» **WHAT IS EXPECTED**:
Each record below is to be output unchanged, and any picture is to be dropped.

» **DATA SECTION**:
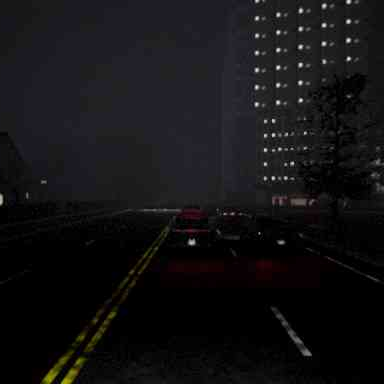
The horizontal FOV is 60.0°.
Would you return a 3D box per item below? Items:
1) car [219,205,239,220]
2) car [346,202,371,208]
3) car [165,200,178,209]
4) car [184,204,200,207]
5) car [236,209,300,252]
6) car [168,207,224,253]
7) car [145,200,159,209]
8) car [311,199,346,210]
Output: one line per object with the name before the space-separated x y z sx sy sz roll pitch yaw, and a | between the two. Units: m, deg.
car | 3.245 1.820 28.982 2.033 1.411 5.357 0 -1 0
car | 31.035 2.335 62.345 4.403 1.369 2.008 0 1 20
car | -3.265 2.058 54.308 1.812 1.442 4.674 0 -1 0
car | 0.002 1.755 29.482 1.882 1.535 5.008 0 0 0
car | 3.254 1.659 14.381 1.812 1.442 4.674 0 0 0
car | 0.003 1.625 14.291 2.128 1.511 4.902 0 0 0
car | -6.511 2.083 54.691 2.033 1.411 5.357 0 -1 0
car | 23.002 2.204 56.890 5.009 1.841 2.192 0 1 20

» **RESPONSE BELOW**:
The horizontal FOV is 60.0°.
Would you return a 3D box per item below? Items:
1) car [219,205,239,220]
2) car [346,202,371,208]
3) car [165,200,178,209]
4) car [184,204,200,207]
5) car [236,209,300,252]
6) car [168,207,224,253]
7) car [145,200,159,209]
8) car [311,199,346,210]
Output: one line per object with the name before the space-separated x y z sx sy sz roll pitch yaw, and a | between the two. Units: m, deg.
car | 3.245 1.820 28.982 2.033 1.411 5.357 0 -1 0
car | 31.035 2.335 62.345 4.403 1.369 2.008 0 1 20
car | -3.265 2.058 54.308 1.812 1.442 4.674 0 -1 0
car | 0.002 1.755 29.482 1.882 1.535 5.008 0 0 0
car | 3.254 1.659 14.381 1.812 1.442 4.674 0 0 0
car | 0.003 1.625 14.291 2.128 1.511 4.902 0 0 0
car | -6.511 2.083 54.691 2.033 1.411 5.357 0 -1 0
car | 23.002 2.204 56.890 5.009 1.841 2.192 0 1 20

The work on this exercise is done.